• What to do
Looking at the listing, state how many of its lines contain the string "alphaTex". Write only the number.

• Records
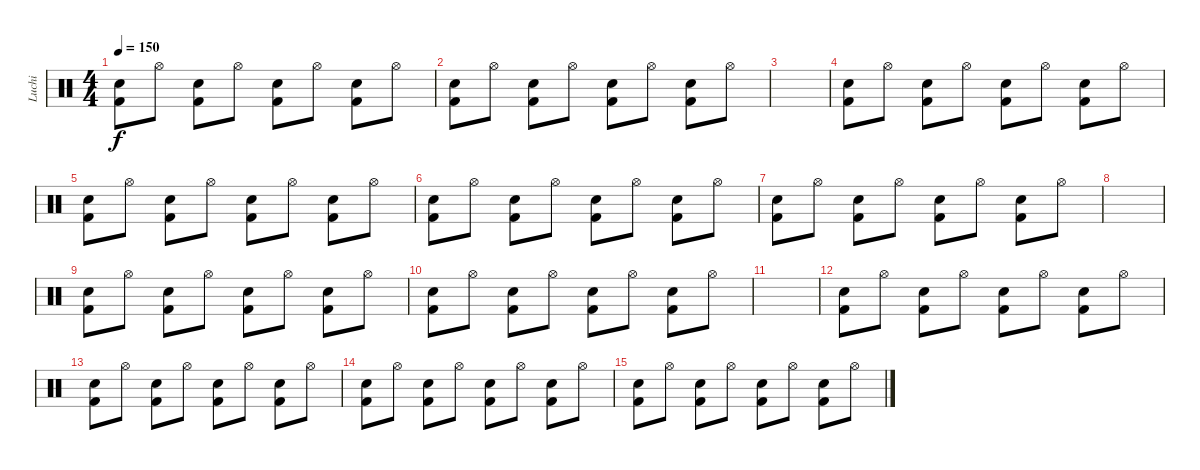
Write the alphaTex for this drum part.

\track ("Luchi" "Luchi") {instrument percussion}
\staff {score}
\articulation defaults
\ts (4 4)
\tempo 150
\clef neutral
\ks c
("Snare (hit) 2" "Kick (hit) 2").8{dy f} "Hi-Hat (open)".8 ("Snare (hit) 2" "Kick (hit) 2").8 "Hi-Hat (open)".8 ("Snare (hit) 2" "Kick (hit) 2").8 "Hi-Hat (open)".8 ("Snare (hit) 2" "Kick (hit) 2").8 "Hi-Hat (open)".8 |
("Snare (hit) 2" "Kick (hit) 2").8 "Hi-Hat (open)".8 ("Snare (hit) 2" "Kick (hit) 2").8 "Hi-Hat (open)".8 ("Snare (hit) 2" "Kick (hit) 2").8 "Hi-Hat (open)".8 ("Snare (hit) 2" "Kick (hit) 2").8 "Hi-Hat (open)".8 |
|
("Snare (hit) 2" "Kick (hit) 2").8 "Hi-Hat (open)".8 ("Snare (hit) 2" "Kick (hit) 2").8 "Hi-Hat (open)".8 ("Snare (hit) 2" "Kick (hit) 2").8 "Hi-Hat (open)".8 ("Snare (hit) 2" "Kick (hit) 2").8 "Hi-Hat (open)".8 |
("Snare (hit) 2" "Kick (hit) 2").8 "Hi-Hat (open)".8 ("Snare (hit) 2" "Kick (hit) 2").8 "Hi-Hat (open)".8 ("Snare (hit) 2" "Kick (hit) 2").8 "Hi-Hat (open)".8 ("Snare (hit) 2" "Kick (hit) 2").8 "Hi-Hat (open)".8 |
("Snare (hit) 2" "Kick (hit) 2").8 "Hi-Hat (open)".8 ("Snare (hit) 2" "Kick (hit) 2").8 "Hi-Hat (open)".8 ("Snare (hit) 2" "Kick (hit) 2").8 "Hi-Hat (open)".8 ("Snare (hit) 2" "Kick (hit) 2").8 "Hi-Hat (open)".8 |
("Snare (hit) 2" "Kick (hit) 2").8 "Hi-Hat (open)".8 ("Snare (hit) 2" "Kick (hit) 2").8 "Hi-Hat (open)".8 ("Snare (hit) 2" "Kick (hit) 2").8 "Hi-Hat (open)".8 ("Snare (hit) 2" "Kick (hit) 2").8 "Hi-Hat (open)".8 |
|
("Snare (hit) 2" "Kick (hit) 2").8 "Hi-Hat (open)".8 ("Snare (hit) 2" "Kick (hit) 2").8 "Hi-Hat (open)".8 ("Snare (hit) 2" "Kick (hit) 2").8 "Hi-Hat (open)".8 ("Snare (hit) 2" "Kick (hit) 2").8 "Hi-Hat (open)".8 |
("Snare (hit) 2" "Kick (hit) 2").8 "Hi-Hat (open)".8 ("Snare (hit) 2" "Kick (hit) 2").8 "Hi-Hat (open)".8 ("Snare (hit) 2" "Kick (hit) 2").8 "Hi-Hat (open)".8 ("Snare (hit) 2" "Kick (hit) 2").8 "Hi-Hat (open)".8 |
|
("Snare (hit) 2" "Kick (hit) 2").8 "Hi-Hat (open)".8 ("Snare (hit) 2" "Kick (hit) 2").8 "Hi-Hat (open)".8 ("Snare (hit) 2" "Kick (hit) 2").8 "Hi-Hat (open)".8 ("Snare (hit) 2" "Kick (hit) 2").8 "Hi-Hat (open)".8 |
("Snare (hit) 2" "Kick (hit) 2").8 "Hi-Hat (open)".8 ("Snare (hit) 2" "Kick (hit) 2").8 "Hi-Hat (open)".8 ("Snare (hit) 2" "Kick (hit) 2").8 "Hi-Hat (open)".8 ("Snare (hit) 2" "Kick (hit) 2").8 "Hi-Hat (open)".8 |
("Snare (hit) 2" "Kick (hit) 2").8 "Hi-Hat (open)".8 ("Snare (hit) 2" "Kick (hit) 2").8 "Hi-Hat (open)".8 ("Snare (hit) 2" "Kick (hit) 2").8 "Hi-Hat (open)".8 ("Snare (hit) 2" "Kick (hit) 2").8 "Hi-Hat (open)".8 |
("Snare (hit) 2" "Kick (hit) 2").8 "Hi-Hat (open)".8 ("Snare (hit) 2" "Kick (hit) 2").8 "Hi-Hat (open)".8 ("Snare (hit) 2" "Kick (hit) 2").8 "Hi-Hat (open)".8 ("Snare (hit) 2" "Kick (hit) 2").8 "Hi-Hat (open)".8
==
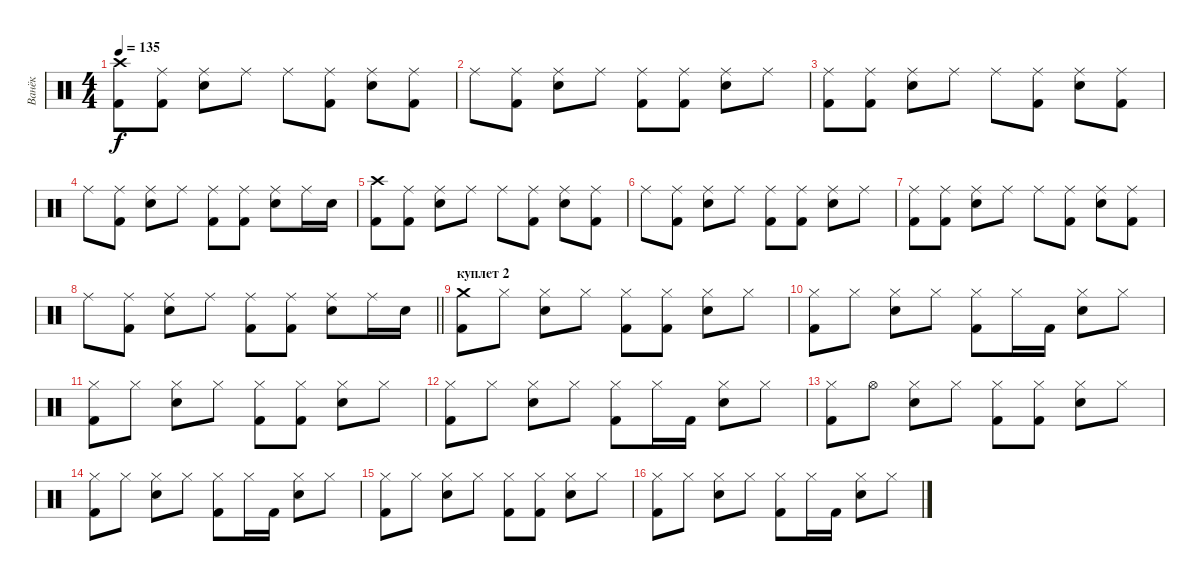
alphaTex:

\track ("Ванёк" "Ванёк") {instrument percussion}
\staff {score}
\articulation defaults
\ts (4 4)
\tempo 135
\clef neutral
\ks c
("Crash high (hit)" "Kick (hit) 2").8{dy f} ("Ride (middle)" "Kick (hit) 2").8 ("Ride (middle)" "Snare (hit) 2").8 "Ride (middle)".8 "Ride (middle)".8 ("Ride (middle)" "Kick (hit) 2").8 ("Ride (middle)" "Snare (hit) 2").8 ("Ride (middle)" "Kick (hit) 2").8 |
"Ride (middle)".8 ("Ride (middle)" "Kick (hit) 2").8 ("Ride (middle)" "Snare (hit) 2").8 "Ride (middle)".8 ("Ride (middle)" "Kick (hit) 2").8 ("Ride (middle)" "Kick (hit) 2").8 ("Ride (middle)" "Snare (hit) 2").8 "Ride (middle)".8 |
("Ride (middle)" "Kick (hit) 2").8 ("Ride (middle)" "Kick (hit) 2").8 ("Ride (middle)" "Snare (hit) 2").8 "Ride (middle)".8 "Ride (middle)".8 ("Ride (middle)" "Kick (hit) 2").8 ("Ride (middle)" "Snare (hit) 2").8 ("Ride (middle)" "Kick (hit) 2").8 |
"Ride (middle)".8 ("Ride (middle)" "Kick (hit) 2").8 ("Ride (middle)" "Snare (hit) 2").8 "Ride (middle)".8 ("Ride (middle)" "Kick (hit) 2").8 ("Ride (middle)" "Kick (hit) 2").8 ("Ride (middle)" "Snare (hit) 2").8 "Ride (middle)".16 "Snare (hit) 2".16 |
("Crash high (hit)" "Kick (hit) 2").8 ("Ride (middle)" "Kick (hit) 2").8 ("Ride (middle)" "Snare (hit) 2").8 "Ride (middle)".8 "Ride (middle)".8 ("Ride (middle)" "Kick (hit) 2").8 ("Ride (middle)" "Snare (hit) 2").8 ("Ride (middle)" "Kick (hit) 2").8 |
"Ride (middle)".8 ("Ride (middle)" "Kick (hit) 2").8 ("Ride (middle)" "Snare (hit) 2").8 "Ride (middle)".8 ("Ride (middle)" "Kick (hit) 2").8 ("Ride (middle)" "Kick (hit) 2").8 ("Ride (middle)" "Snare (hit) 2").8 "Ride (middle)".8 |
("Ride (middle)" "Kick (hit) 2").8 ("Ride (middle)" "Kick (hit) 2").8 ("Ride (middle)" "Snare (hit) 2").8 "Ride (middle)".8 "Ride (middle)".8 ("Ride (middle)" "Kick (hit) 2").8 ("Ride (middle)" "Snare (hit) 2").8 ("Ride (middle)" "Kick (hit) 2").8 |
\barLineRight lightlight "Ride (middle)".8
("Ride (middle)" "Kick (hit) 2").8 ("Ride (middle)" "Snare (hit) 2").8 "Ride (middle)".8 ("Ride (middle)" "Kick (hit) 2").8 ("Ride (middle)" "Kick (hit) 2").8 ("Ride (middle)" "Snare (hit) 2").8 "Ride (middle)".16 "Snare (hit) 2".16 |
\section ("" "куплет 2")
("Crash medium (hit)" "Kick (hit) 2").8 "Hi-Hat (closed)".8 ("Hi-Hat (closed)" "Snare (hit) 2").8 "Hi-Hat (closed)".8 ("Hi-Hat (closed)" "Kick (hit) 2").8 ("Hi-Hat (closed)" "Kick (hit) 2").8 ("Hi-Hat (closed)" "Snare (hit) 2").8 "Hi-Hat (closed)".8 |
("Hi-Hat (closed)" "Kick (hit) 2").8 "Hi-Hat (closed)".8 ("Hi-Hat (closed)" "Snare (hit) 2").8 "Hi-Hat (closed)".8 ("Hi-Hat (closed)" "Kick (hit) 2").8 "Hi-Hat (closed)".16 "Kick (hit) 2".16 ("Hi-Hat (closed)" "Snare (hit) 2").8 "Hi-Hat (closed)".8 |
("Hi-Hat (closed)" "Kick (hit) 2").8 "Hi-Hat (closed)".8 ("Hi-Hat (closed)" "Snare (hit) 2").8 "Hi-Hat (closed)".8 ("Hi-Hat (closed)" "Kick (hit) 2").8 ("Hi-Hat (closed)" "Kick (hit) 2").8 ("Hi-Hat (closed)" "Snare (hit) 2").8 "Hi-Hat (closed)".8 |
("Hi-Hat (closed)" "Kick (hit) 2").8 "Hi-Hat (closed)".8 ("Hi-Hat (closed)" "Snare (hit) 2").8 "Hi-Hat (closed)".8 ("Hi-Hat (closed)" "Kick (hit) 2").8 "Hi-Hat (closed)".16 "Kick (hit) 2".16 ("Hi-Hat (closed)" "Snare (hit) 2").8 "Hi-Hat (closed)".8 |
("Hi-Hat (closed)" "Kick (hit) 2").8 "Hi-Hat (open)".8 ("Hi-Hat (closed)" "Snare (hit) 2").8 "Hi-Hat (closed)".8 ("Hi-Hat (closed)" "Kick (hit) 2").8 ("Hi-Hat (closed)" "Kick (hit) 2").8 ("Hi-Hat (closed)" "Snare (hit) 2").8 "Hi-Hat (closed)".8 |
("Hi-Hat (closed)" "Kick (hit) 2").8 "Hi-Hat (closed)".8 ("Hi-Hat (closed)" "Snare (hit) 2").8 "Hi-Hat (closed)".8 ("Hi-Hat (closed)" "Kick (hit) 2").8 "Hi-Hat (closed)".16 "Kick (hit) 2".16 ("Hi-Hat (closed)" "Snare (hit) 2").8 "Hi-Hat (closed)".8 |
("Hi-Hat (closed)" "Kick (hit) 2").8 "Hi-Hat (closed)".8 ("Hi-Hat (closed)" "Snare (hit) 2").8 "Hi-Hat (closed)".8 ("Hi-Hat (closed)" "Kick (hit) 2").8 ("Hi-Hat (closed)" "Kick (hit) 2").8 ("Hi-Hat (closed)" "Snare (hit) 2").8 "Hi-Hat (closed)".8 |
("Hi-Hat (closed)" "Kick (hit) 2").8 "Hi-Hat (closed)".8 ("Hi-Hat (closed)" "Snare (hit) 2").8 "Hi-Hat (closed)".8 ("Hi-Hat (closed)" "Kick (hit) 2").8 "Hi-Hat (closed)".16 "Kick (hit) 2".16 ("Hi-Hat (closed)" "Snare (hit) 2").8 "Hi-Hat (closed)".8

• Task solution
2